**REQUIREMENT**:
Report the lines of the data below that contain the string "reply".

[Data items]

- Opening Delimiter -

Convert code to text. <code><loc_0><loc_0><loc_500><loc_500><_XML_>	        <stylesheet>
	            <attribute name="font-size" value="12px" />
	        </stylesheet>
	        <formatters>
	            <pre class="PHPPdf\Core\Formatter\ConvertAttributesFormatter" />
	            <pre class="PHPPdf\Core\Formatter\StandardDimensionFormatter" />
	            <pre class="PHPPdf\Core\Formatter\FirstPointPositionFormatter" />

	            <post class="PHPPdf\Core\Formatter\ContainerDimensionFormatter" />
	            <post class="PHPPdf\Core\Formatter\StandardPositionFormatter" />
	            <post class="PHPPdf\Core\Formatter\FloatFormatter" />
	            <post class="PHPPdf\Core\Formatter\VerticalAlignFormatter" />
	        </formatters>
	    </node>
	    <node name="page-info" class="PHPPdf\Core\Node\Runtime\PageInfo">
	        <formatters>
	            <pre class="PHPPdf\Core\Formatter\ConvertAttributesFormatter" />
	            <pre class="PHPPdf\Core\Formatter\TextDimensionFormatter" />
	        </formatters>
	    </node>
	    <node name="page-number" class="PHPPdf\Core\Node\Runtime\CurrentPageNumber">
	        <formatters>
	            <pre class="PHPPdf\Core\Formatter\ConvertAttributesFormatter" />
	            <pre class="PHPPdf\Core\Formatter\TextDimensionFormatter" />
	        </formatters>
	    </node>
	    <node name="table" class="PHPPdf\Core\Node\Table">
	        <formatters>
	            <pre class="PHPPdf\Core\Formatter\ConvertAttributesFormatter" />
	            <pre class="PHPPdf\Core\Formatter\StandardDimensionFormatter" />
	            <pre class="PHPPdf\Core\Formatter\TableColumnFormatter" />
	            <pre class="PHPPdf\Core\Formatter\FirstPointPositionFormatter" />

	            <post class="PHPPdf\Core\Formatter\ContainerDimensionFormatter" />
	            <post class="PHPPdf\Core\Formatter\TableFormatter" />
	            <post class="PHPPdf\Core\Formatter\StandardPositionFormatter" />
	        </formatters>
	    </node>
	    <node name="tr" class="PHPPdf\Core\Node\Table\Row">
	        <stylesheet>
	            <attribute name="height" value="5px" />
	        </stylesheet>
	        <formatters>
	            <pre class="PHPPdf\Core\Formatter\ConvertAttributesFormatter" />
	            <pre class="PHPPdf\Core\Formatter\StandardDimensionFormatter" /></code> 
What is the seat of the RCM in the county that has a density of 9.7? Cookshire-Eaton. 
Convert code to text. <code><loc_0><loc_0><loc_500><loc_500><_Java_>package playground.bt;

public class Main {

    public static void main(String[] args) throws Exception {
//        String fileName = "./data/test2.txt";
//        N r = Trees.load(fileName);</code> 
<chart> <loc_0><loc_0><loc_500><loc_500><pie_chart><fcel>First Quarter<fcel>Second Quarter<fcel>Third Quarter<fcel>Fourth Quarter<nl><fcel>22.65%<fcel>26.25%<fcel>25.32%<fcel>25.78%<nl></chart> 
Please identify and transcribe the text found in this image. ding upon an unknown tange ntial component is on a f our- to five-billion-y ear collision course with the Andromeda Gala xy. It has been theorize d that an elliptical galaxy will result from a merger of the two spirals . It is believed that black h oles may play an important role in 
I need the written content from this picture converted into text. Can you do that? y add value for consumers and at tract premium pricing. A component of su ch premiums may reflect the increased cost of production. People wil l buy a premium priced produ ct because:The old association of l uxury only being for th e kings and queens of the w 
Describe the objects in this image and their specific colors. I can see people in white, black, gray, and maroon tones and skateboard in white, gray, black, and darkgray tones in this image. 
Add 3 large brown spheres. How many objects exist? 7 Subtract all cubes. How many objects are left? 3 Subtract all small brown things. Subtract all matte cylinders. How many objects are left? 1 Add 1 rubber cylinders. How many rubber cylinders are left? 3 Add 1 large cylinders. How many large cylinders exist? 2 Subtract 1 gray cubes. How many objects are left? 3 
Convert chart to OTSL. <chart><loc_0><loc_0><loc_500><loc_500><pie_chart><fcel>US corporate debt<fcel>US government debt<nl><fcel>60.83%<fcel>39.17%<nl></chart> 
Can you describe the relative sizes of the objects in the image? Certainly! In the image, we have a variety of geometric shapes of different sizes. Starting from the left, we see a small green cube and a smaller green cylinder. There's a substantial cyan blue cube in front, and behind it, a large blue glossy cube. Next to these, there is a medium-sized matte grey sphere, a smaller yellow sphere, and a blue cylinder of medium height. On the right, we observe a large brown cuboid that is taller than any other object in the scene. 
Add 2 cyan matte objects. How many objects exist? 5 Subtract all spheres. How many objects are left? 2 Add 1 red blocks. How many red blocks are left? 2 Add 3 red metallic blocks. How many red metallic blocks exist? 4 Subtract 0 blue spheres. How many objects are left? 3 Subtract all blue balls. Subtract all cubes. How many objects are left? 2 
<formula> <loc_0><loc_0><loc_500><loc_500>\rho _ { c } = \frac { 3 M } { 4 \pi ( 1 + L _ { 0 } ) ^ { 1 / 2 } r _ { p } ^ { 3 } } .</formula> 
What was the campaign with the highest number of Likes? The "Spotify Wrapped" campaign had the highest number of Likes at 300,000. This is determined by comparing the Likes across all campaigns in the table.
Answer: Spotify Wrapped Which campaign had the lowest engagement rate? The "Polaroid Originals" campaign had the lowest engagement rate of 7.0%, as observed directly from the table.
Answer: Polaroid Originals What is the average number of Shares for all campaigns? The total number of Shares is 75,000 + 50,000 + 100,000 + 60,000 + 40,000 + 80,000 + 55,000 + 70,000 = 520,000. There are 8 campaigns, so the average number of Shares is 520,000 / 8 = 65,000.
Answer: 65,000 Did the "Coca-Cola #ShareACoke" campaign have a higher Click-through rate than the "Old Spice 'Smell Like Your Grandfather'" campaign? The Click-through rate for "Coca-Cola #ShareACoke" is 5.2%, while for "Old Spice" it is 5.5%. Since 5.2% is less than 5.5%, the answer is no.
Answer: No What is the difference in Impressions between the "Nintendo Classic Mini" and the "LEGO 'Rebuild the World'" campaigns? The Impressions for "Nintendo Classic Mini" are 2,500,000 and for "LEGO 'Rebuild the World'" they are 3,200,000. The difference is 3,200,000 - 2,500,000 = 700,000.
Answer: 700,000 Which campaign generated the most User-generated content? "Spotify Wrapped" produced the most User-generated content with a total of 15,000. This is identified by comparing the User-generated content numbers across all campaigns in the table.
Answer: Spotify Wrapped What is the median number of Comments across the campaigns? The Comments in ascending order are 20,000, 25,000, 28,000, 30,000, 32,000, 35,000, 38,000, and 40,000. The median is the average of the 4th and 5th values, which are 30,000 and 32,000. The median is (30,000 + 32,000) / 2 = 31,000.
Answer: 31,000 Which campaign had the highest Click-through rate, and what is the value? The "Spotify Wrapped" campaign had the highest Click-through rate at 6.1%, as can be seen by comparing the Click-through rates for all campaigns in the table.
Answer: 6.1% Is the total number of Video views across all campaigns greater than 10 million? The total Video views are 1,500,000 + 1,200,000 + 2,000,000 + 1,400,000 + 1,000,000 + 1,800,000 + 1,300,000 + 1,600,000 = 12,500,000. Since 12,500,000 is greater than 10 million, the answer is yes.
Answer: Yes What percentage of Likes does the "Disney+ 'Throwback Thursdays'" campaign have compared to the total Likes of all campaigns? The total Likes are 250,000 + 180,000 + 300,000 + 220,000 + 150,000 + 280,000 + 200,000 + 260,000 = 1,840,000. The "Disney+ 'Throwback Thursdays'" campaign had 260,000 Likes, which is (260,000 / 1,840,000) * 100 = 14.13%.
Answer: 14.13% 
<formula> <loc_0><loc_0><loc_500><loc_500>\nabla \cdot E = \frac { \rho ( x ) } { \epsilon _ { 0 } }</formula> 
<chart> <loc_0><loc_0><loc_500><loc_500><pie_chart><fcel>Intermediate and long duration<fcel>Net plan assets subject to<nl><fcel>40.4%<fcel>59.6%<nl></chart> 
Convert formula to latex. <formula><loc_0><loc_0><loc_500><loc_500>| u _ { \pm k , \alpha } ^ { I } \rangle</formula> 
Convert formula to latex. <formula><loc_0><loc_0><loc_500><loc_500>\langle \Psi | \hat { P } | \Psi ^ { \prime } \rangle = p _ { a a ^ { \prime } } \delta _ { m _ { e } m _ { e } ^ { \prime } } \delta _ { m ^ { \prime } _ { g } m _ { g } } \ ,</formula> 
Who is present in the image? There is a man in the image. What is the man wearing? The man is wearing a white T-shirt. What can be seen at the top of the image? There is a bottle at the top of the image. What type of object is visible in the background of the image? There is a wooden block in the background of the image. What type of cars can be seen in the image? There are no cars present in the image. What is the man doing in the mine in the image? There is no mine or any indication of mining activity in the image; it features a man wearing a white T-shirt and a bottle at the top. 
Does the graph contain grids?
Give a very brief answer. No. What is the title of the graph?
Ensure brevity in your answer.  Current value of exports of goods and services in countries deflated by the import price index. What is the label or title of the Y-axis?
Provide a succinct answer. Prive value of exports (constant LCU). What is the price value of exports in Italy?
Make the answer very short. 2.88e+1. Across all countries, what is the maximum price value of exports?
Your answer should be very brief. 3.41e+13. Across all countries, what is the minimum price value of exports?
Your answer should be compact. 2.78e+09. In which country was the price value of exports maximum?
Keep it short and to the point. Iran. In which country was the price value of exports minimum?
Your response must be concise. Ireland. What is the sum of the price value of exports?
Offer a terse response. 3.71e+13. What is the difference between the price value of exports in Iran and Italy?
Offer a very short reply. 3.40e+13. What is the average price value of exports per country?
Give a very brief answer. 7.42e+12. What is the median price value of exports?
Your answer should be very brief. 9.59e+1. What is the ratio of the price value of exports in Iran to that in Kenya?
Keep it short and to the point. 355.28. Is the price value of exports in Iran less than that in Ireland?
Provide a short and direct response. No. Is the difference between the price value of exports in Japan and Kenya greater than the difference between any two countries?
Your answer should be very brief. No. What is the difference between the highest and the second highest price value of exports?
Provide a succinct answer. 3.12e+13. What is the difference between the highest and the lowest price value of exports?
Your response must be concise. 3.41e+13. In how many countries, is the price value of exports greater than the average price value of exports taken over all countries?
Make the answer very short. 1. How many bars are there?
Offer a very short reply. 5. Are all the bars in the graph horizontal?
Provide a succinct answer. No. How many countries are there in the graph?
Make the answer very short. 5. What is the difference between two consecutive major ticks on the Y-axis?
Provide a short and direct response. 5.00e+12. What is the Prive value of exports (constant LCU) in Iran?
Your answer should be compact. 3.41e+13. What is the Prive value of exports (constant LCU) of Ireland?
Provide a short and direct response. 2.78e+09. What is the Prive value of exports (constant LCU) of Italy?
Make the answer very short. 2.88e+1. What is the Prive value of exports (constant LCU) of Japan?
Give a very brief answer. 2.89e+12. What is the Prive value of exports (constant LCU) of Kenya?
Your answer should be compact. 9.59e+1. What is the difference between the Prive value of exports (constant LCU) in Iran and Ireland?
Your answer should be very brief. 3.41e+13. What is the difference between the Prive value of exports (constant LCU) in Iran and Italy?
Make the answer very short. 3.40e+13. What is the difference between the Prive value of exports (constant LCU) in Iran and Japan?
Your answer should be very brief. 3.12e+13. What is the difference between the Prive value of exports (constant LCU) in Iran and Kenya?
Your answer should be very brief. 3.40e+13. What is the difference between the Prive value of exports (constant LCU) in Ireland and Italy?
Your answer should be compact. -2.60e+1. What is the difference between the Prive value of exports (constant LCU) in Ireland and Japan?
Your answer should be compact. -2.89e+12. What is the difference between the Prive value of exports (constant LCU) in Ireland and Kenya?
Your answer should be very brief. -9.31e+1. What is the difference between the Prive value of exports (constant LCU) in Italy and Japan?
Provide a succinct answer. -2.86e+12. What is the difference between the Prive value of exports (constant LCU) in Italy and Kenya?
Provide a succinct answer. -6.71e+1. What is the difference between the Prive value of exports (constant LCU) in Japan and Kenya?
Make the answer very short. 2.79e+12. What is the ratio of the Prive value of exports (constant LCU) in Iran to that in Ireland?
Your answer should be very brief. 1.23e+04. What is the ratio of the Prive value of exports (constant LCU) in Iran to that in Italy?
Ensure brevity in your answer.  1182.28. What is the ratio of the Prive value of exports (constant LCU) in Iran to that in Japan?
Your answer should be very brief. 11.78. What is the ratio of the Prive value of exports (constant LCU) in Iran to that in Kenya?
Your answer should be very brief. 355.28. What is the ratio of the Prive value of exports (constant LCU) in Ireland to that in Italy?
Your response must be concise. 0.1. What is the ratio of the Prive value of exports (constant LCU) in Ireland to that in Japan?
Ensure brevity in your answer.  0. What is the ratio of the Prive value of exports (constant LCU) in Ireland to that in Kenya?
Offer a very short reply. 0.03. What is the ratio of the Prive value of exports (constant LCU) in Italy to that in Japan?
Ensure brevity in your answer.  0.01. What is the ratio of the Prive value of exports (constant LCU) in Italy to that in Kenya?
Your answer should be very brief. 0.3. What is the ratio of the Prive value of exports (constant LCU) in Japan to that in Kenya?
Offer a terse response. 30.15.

- Closing Delimiter -

**WRITTEN RESPONSE**:
Offer a very short reply. 3.40e+13. What is the average price value of exports per country?
Offer a very short reply. 5. Are all the bars in the graph horizontal?
Offer a very short reply. 0.03. What is the ratio of the Prive value of exports (constant LCU) in Italy to that in Japan?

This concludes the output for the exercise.